**What needs to be done**: An exact reprint of the whole listing is what the answer must contain.

**Data records**:

== Segment start ==

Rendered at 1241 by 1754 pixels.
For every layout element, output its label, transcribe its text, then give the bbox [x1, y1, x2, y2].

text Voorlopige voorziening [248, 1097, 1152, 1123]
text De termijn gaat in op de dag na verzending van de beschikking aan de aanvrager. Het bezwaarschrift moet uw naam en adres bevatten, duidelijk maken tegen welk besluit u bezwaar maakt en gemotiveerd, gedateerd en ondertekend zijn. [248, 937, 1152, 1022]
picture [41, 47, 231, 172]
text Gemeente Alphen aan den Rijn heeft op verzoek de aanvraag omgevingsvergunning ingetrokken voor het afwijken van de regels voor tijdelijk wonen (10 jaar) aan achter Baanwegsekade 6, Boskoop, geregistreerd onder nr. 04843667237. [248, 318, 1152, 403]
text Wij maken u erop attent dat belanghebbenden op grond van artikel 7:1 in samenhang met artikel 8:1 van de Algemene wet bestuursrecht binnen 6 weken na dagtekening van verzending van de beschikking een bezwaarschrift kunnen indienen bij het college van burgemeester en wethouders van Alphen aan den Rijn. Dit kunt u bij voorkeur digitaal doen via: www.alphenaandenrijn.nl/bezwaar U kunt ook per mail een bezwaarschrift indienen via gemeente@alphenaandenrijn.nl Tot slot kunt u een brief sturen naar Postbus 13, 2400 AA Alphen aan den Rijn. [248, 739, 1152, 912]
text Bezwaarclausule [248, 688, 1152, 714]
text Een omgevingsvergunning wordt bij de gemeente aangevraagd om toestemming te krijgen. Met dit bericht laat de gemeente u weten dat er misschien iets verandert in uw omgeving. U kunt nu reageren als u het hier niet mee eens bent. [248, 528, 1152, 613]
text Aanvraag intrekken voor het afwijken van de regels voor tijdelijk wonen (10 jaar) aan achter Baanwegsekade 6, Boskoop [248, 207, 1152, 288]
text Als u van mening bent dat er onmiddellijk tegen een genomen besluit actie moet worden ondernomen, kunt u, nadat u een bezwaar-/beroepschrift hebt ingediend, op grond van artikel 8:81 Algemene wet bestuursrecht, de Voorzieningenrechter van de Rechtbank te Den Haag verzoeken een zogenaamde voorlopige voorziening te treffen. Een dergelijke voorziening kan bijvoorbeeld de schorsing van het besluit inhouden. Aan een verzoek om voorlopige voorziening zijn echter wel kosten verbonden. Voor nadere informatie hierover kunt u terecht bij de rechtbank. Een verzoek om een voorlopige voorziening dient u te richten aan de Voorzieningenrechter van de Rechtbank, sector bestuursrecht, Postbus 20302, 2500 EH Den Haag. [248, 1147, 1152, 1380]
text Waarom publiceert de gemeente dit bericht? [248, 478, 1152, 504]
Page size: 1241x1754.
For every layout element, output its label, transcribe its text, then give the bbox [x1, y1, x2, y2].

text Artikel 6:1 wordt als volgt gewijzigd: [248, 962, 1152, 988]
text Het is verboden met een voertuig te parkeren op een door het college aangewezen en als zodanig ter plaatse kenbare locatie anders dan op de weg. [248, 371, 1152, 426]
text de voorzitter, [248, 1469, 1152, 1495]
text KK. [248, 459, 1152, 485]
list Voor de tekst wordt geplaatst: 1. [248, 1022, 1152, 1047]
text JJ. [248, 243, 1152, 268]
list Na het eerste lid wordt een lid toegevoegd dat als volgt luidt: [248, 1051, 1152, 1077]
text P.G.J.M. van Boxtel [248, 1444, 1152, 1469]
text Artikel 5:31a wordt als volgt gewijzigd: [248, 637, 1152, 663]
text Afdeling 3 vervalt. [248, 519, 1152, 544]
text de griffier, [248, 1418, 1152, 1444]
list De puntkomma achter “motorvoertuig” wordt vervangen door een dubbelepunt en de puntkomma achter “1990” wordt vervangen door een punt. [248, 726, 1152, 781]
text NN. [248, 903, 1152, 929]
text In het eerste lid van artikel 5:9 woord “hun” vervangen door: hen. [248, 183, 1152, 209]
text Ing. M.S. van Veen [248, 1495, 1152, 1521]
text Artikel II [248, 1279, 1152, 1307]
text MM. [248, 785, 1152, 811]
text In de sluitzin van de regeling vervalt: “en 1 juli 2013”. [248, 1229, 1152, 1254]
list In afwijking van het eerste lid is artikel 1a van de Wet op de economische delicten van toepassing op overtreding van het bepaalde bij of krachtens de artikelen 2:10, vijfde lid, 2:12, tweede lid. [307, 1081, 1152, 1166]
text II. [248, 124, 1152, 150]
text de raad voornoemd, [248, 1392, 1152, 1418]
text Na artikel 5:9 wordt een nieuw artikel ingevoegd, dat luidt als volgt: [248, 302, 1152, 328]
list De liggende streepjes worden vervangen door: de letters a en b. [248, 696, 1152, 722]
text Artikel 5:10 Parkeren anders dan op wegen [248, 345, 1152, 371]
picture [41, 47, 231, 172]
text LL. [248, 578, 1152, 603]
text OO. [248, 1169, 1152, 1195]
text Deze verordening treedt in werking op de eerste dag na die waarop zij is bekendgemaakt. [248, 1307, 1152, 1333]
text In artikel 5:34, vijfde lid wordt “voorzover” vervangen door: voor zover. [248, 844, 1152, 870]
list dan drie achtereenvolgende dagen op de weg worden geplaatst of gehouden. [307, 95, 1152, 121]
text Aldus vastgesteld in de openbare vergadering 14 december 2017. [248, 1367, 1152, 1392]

== Segment end ==

**Result for this task**:
Rendered at 1241 by 1754 pixels.
For every layout element, output its label, transcribe its text, then give the bbox [x1, y1, x2, y2].

text Voorlopige voorziening [248, 1097, 1152, 1123]
text De termijn gaat in op de dag na verzending van de beschikking aan de aanvrager. Het bezwaarschrift moet uw naam en adres bevatten, duidelijk maken tegen welk besluit u bezwaar maakt en gemotiveerd, gedateerd en ondertekend zijn. [248, 937, 1152, 1022]
picture [41, 47, 231, 172]
text Gemeente Alphen aan den Rijn heeft op verzoek de aanvraag omgevingsvergunning ingetrokken voor het afwijken van de regels voor tijdelijk wonen (10 jaar) aan achter Baanwegsekade 6, Boskoop, geregistreerd onder nr. 04843667237. [248, 318, 1152, 403]
text Wij maken u erop attent dat belanghebbenden op grond van artikel 7:1 in samenhang met artikel 8:1 van de Algemene wet bestuursrecht binnen 6 weken na dagtekening van verzending van de beschikking een bezwaarschrift kunnen indienen bij het college van burgemeester en wethouders van Alphen aan den Rijn. Dit kunt u bij voorkeur digitaal doen via: www.alphenaandenrijn.nl/bezwaar U kunt ook per mail een bezwaarschrift indienen via gemeente@alphenaandenrijn.nl Tot slot kunt u een brief sturen naar Postbus 13, 2400 AA Alphen aan den Rijn. [248, 739, 1152, 912]
text Bezwaarclausule [248, 688, 1152, 714]
text Een omgevingsvergunning wordt bij de gemeente aangevraagd om toestemming te krijgen. Met dit bericht laat de gemeente u weten dat er misschien iets verandert in uw omgeving. U kunt nu reageren als u het hier niet mee eens bent. [248, 528, 1152, 613]
text Aanvraag intrekken voor het afwijken van de regels voor tijdelijk wonen (10 jaar) aan achter Baanwegsekade 6, Boskoop [248, 207, 1152, 288]
text Als u van mening bent dat er onmiddellijk tegen een genomen besluit actie moet worden ondernomen, kunt u, nadat u een bezwaar-/beroepschrift hebt ingediend, op grond van artikel 8:81 Algemene wet bestuursrecht, de Voorzieningenrechter van de Rechtbank te Den Haag verzoeken een zogenaamde voorlopige voorziening te treffen. Een dergelijke voorziening kan bijvoorbeeld de schorsing van het besluit inhouden. Aan een verzoek om voorlopige voorziening zijn echter wel kosten verbonden. Voor nadere informatie hierover kunt u terecht bij de rechtbank. Een verzoek om een voorlopige voorziening dient u te richten aan de Voorzieningenrechter van de Rechtbank, sector bestuursrecht, Postbus 20302, 2500 EH Den Haag. [248, 1147, 1152, 1380]
text Waarom publiceert de gemeente dit bericht? [248, 478, 1152, 504]
Page size: 1241x1754.
For every layout element, output its label, transcribe its text, then give the bbox [x1, y1, x2, y2].

text Artikel 6:1 wordt als volgt gewijzigd: [248, 962, 1152, 988]
text Het is verboden met een voertuig te parkeren op een door het college aangewezen en als zodanig ter plaatse kenbare locatie anders dan op de weg. [248, 371, 1152, 426]
text de voorzitter, [248, 1469, 1152, 1495]
text KK. [248, 459, 1152, 485]
list Voor de tekst wordt geplaatst: 1. [248, 1022, 1152, 1047]
text JJ. [248, 243, 1152, 268]
list Na het eerste lid wordt een lid toegevoegd dat als volgt luidt: [248, 1051, 1152, 1077]
text P.G.J.M. van Boxtel [248, 1444, 1152, 1469]
text Artikel 5:31a wordt als volgt gewijzigd: [248, 637, 1152, 663]
text Afdeling 3 vervalt. [248, 519, 1152, 544]
text de griffier, [248, 1418, 1152, 1444]
list De puntkomma achter “motorvoertuig” wordt vervangen door een dubbelepunt en de puntkomma achter “1990” wordt vervangen door een punt. [248, 726, 1152, 781]
text NN. [248, 903, 1152, 929]
text In het eerste lid van artikel 5:9 woord “hun” vervangen door: hen. [248, 183, 1152, 209]
text Ing. M.S. van Veen [248, 1495, 1152, 1521]
text Artikel II [248, 1279, 1152, 1307]
text MM. [248, 785, 1152, 811]
text In de sluitzin van de regeling vervalt: “en 1 juli 2013”. [248, 1229, 1152, 1254]
list In afwijking van het eerste lid is artikel 1a van de Wet op de economische delicten van toepassing op overtreding van het bepaalde bij of krachtens de artikelen 2:10, vijfde lid, 2:12, tweede lid. [307, 1081, 1152, 1166]
text II. [248, 124, 1152, 150]
text de raad voornoemd, [248, 1392, 1152, 1418]
text Na artikel 5:9 wordt een nieuw artikel ingevoegd, dat luidt als volgt: [248, 302, 1152, 328]
list De liggende streepjes worden vervangen door: de letters a en b. [248, 696, 1152, 722]
text Artikel 5:10 Parkeren anders dan op wegen [248, 345, 1152, 371]
picture [41, 47, 231, 172]
text LL. [248, 578, 1152, 603]
text OO. [248, 1169, 1152, 1195]
text Deze verordening treedt in werking op de eerste dag na die waarop zij is bekendgemaakt. [248, 1307, 1152, 1333]
text In artikel 5:34, vijfde lid wordt “voorzover” vervangen door: voor zover. [248, 844, 1152, 870]
list dan drie achtereenvolgende dagen op de weg worden geplaatst of gehouden. [307, 95, 1152, 121]
text Aldus vastgesteld in de openbare vergadering 14 december 2017. [248, 1367, 1152, 1392]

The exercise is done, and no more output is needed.